- Born: Cleveland, Ohio, U.S.
- Occupation(s): Screenwriter, film director
- Years active: 2008 – present
- Notable work: Going the Distance (2010)

= Geoff LaTulippe =

American screenwriter and film director

Geoff LaTulippe is an American screenwriter and film director best known as the writer of the 2010 film Going the Distance.

==Early life==
LaTulippe was born in Cleveland, Ohio. His father's job as a casket salesman caused his family to move across the United States between numerous cities before they settled in Harrisburg, Pennsylvania. LaTulippe attended James Madison University in Virginia, where he studied film and writing.

==Career==
Shortly after moving to Los Angeles, California, LaTulippe was hired as a script reader at New Line Cinema, a job he was offered by his friend who worked at the studio. After working there for two years, he tired of the job, saying that it "start[ed] to suck away [my] creativity". In July 2008, he sold a spec script titled Going the Distance to New Line Cinema, a story based on his friend David Neustadter's previous long-term relationship.
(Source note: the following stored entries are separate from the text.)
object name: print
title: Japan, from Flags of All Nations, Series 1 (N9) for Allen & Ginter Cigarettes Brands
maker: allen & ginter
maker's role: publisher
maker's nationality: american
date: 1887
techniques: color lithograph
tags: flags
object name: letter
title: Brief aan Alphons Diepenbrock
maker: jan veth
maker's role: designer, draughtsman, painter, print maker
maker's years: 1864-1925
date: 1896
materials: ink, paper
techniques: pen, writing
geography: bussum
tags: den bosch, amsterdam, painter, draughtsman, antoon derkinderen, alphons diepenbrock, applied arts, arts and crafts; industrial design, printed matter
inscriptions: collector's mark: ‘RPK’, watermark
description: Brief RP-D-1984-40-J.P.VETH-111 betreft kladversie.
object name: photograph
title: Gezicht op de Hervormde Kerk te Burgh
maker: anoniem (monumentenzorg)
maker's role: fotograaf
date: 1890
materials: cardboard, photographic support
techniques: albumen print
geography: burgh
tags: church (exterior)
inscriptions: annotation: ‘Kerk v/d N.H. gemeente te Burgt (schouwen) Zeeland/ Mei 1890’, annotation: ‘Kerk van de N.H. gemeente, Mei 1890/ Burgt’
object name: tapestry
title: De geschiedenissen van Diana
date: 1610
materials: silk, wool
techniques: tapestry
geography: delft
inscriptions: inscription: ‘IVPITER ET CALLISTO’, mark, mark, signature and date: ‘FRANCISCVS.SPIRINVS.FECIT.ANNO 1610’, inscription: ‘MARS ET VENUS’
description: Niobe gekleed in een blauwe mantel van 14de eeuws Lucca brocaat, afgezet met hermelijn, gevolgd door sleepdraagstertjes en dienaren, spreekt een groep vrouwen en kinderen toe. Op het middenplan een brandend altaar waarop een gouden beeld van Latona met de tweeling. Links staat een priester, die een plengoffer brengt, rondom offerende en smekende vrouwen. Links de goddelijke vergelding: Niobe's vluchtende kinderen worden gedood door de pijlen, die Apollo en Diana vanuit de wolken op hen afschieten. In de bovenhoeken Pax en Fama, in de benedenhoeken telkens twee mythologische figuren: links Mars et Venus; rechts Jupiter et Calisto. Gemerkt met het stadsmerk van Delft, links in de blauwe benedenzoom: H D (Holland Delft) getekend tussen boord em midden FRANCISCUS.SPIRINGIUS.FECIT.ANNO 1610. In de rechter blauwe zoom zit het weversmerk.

The film was ultimately directed by Nanette Burstein and released in September 2010. After selling his first screenplay, he quit his job as a script reader and became a full-time writer.

It was announced in 2009 that LaTulippe would write a film adaptation of Breathers: A Zombie's Lament, a novel by S. G. Browne, although the film is yet to go into production. In 2011, he was approached by the talent agency William Morris Endeavor (WME) to create a humorous short film about their company. The result was Yom Kippur at WME, which starred J. B. Smoove. The short film's popularity snowballed and it caught the attention of Adam Goodman, the president of Paramount Film Group, who then contacted LaTulippe to offer him a job as a film director. In 2012 Paramount announced that LaTulippe would direct an as-yet unnamed film for the studio.